AI in Math deals with mathematics in a constructive manner so that reasoning becomes automated, less laborious, and less error-prone. For algorithms, the question becomes how to automate analyses for specific problems. For the first time, this work provides an automatic method for approximation analysis on a well-studied problem in theoretical computer science: computing approximate Nash equilibria in two-player games. We observe that such algorithms can be reformulated into a search-and-mix paradigm, which involves a search phase followed by a mixing phase. By doing so, we are able to fully automate the procedure of designing and analyzing the mixing phase. For example, we illustrate how to perform our method with a program to analyze the approximation bounds of all the algorithms in the literature. Same approximation bounds are computed without any hand-written proof. Our automatic method heavily relies on the LP-relaxation structure in approximate Nash equilibria. Since many approximation algorithms and online algorithms adopt the LP relaxation, our approach may be extended to automate the analysis of other algorithms.

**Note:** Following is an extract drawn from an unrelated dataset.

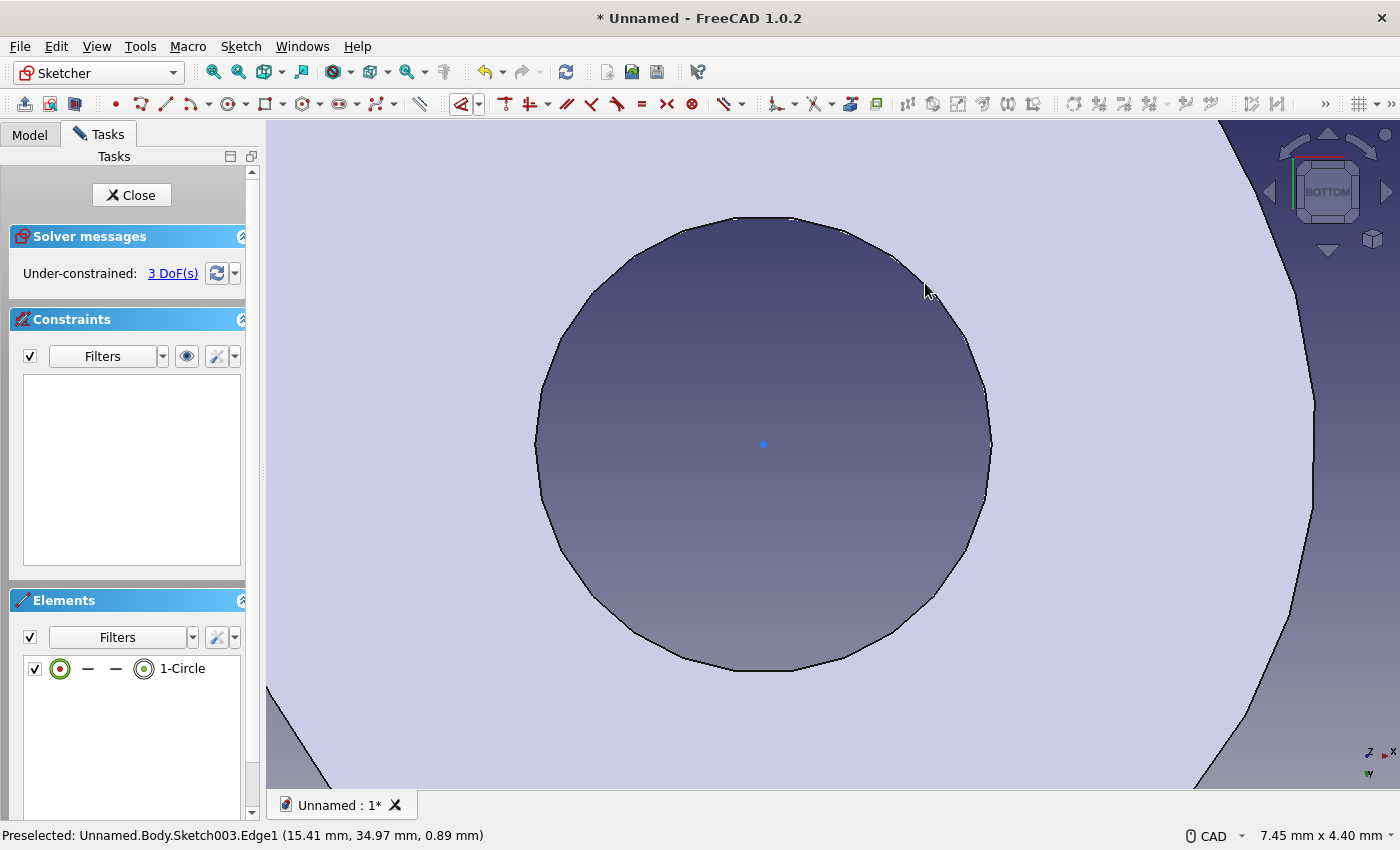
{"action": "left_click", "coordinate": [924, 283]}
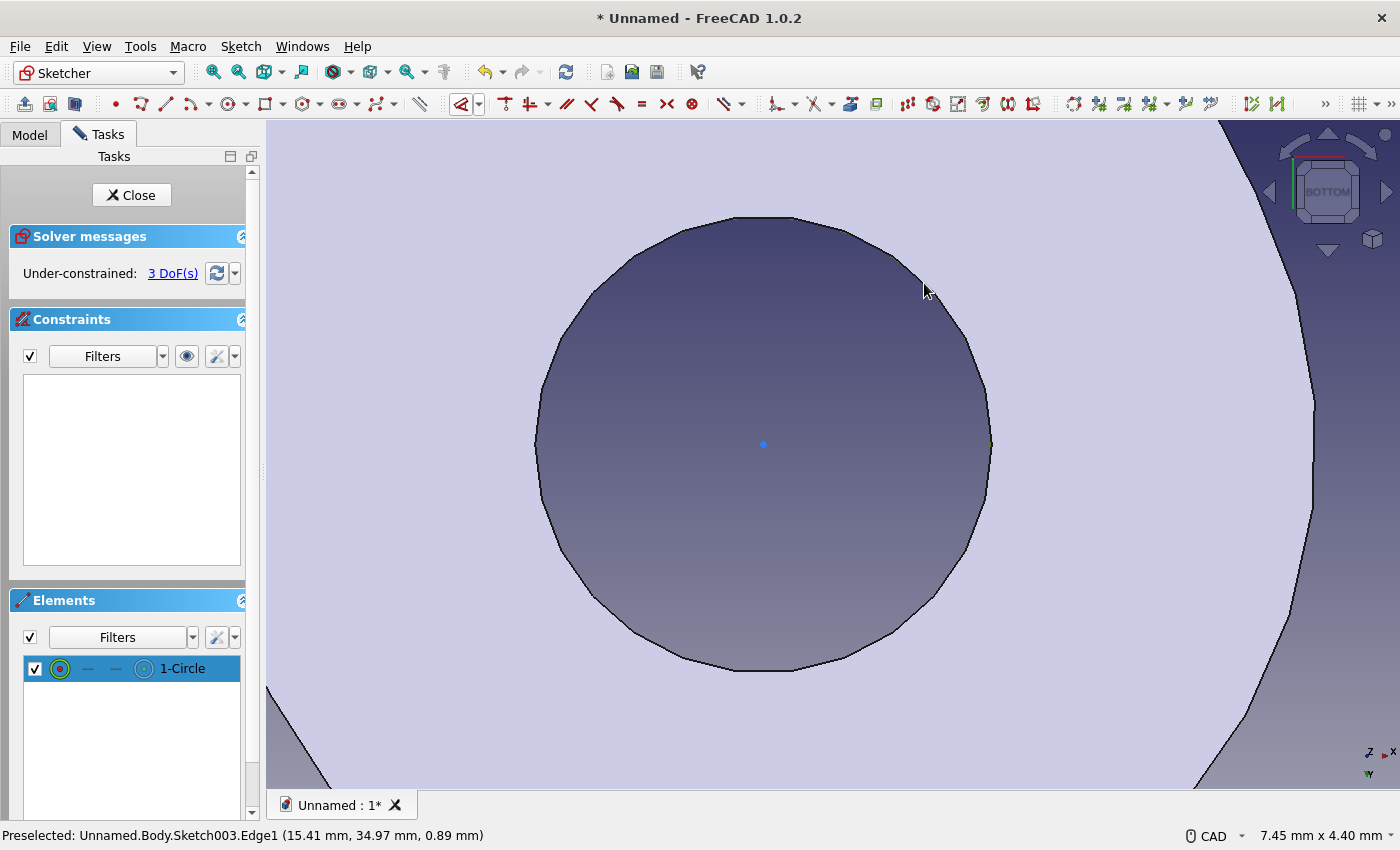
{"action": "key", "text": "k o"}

翻译：AI数学以构造性方式处理数学问题，使推理过程自动化、减少劳动量并降低出错概率。对于算法而言，关键问题在于如何针对特定问题实现分析自动化。本研究首次为理论计算机科学中一个经典问题——双人博弈中的近似纳什均衡计算——提供了自动化的近似分析方法。我们观察到此类算法可重构为"搜索-混合"范式：首先执行搜索阶段，随后进行混合阶段。通过这一重构，我们能够完全自动化混合阶段的设计与分析流程。例如，我们演示了如何编写程序对文献中所有算法进行近似界分析，无需任何人工推导即可计算出相同的近似界。该自动化方法高度依赖于近似纳什均衡中的线性规划松弛结构。由于许多近似算法和在线算法都采用线性规划松弛技术，我们的方法有望推广至其他算法的自动化分析。